== The input
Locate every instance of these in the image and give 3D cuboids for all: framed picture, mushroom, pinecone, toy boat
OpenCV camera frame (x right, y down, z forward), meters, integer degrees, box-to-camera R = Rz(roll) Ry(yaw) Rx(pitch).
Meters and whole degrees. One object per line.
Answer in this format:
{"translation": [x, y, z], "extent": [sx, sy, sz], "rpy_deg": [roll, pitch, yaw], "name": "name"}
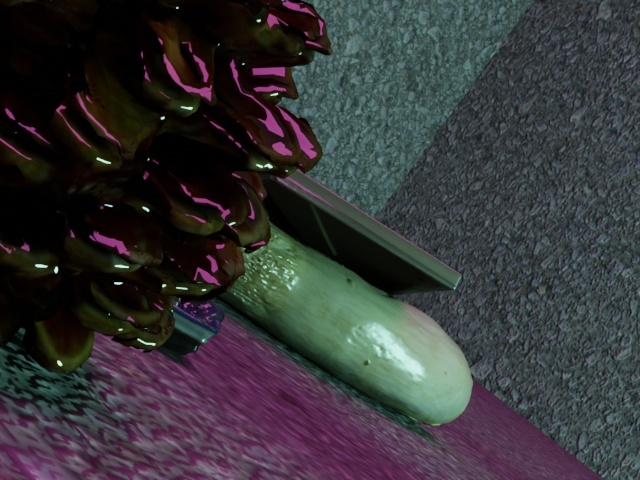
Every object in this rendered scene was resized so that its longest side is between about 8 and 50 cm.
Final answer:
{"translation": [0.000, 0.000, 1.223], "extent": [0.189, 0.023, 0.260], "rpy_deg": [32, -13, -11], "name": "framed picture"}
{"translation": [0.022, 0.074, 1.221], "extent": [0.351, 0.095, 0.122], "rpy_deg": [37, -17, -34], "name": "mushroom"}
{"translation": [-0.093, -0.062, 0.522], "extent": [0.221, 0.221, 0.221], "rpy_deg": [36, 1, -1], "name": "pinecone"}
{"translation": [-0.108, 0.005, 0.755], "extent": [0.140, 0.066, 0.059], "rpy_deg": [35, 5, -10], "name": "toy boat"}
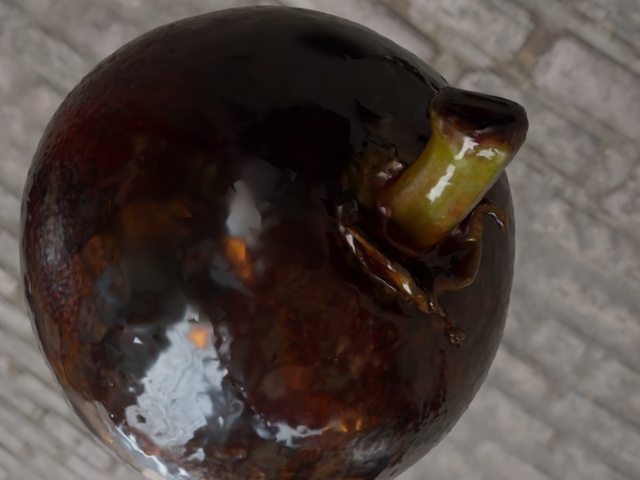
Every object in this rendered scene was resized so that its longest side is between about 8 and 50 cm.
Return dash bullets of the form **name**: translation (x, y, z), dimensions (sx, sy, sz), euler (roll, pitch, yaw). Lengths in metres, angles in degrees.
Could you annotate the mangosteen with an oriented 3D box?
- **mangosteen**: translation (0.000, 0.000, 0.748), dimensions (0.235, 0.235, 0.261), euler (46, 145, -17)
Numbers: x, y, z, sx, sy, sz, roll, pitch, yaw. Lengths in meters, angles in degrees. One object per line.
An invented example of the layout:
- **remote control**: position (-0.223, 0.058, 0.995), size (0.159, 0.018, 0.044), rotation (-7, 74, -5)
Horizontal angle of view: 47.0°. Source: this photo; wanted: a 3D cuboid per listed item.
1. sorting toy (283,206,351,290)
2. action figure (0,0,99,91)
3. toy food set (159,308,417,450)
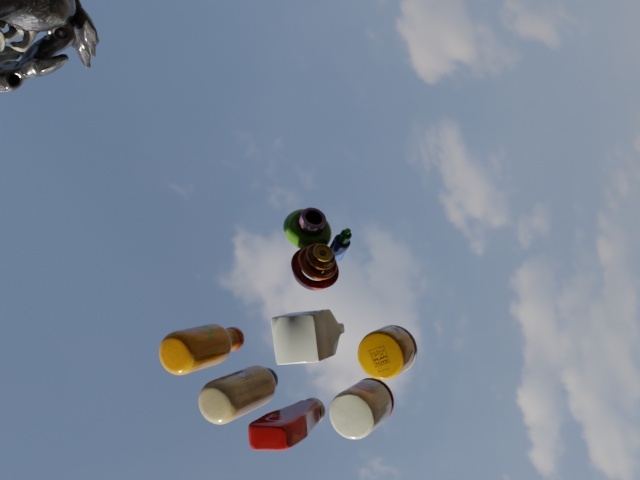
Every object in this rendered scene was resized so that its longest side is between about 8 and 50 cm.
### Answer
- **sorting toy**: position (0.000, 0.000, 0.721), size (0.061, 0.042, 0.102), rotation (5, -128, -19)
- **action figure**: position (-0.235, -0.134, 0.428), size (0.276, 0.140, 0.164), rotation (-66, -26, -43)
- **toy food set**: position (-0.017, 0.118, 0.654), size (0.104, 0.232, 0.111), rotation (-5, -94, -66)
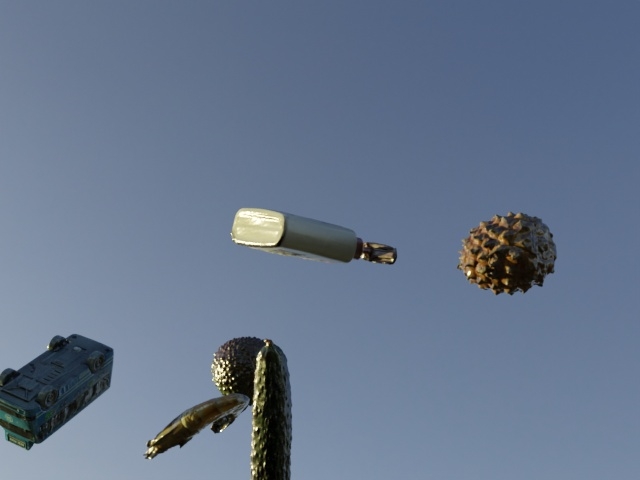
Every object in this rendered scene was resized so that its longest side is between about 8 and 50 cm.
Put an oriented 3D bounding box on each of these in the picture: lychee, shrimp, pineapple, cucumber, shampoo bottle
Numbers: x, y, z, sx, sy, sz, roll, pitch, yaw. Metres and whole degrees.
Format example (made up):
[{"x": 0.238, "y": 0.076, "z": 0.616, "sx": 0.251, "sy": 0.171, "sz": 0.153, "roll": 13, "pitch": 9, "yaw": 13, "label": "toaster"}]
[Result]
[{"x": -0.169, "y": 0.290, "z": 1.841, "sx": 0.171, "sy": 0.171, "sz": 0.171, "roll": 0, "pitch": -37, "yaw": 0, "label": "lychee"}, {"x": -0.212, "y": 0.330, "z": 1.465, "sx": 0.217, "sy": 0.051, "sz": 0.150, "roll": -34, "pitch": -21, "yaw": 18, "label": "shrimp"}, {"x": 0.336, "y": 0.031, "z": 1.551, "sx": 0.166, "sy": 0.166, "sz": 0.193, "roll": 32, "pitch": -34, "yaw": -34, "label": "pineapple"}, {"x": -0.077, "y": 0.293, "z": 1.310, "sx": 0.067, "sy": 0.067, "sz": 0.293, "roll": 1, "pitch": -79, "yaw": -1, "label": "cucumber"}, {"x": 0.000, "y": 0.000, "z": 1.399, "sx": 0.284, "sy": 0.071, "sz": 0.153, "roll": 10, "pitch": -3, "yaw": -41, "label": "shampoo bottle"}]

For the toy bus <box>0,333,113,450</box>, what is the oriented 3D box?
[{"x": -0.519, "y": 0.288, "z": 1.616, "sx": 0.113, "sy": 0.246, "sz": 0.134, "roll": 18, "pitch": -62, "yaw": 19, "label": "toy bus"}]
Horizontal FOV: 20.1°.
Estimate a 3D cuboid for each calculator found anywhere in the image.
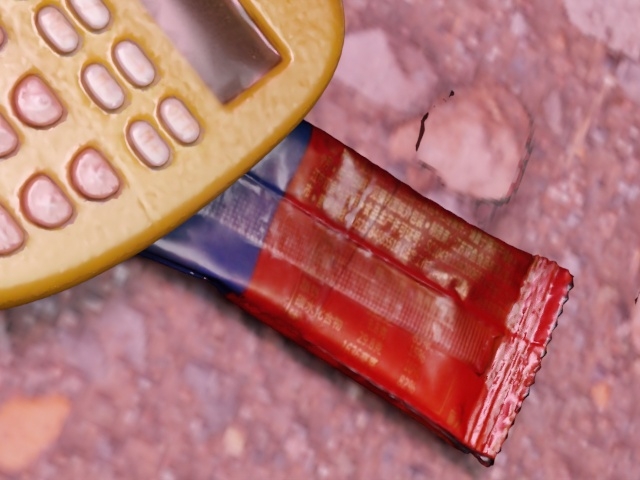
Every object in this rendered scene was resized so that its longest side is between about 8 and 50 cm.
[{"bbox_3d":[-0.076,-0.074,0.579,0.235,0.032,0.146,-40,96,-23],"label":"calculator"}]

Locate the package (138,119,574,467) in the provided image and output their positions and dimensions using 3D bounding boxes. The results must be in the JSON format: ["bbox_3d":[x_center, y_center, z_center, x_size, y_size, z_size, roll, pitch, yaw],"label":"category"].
====
_What the task asks_
What lines in the records above include the string "Lengths"? Copy each one.

_Response to the task_
Return dash bullets of the form **name**: translation (x, y, z), dimensions (sx, sy, sz), euler (roll, pitch, yaw). Lengths in metres, angles in degrees.
Numbers: x, y, z, sx, sy, sz, roll, pitch, yaw. Lengths in meters, angles in degrees. One object per line.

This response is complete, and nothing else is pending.